Tomb of Romulus, King Raised by a Wolf, Possibly Found in Roman Forum!
In Roman mythology, Romulus and his twin brother Remus were sons of Rhea Silvia, but Amulius, king of Alba Longa, ordered that the infants, twin grandnephews, be murdered. Their mother placed her twins in a basket on the River Tiber and under a fig tree a she-wolf suckled and raised the brothers.
When the boys grew up and learned of their true ancestry they overthrew Amulius but Romulus later killed Remus in a fight on what became Palatine Hill in 753 BC. And now, archaeologists think they might have found the burial place of Romulus, the founder and first king of Rome.
An Extraordinary Discovery For Rome
The ancient tomb was discovered in an underground temple buried beneath the entrance stairway to the curia in the Roman Forum in an area that archaeologists know was devoted to the legendary 6th century BC king, Romulus.
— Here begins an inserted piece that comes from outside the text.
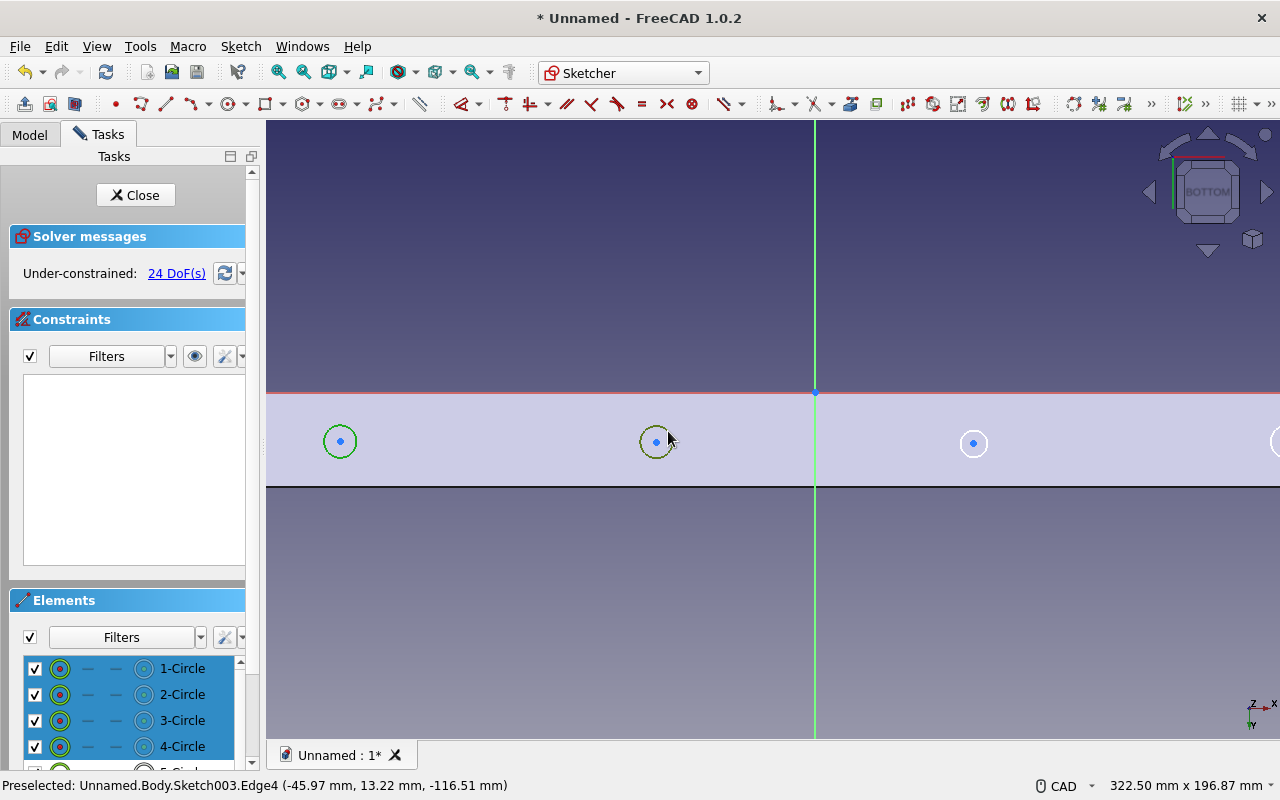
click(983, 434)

The rock sarcophagus measures 4.6 feet (1.4 meters) long and the director of the Colosseum Archaeological Park Alfonsina Russo told The Times that the discovery was “extraordinary”.
The rock sarcophagus found in what is believed to be Romulus’ tomb was discovered buried beneath the entrance stairway to the curia. (Noppasinw / Adobe Stock)
According to Fox News, Mayor Virginia Raggi was so impressed with the discovery that she thanked the team of scientists who conducted the research in a Tweet reading:
“Rome always marvels with its treasures. Inside the Roman Forum new exciting archaeological discovery: a hypogeum with a tuff sarcophagus from the 6th century BC. Thanks to a team of scholars who conducted the research.”
The discovery will be officially unveiled by the Colosseum Archaeological Park this coming Friday however, no human remains were discovered inside the coffin making it difficult to verify the claims that it was the burial tomb of the founder and first king of Rome - Romulus.
Peeling Back The Forum’s Layers
The Roman Forum is situated between Palatine Hill and Capitoline Hill and this vast rectangular plaza was surrounded by important ancient government buildings at the center of the city of Rome. According to Horace Marucchi’s 1906 work, The Roman Forum and the Palatine According to the Latest Discoveries, the forum began with an alliance between Romulus, the first king of Rome controlling the Palatine Hill, and his rival Titus Tatius who occupied the Capitoline Hill.
Rendering of the Roman Forum as it may have appeared during the Late Empire. (Angerdan / CC BY-SA 3.0)
Historians believe people first began meeting in the forum around 500 BC when the Roman Republic was founded and the grandest building is the Temple of Julius Caesar which was built in the years after this legendary leader was murdered in 44 BC. According to Andreas Steiner, editor of the magazine Archeo, the newly discovered underground temple was found buried near “the Lapis Niger”, which is an ancient black shrine in the Roman Forum beneath the entrance stairway to the curia.
Beneath The Black Shrine Of The Ancient Occultists
The curia housed assemblies, councils, and courts in which public, official, and religious issues were discussed, especially by the senate. Ms. Russo told press that the temple's altar had been positioned where “ancient Romans believed Romulus was buried”, but no bones were found inside the coffin to verify if the tomb belonged to King Romulus.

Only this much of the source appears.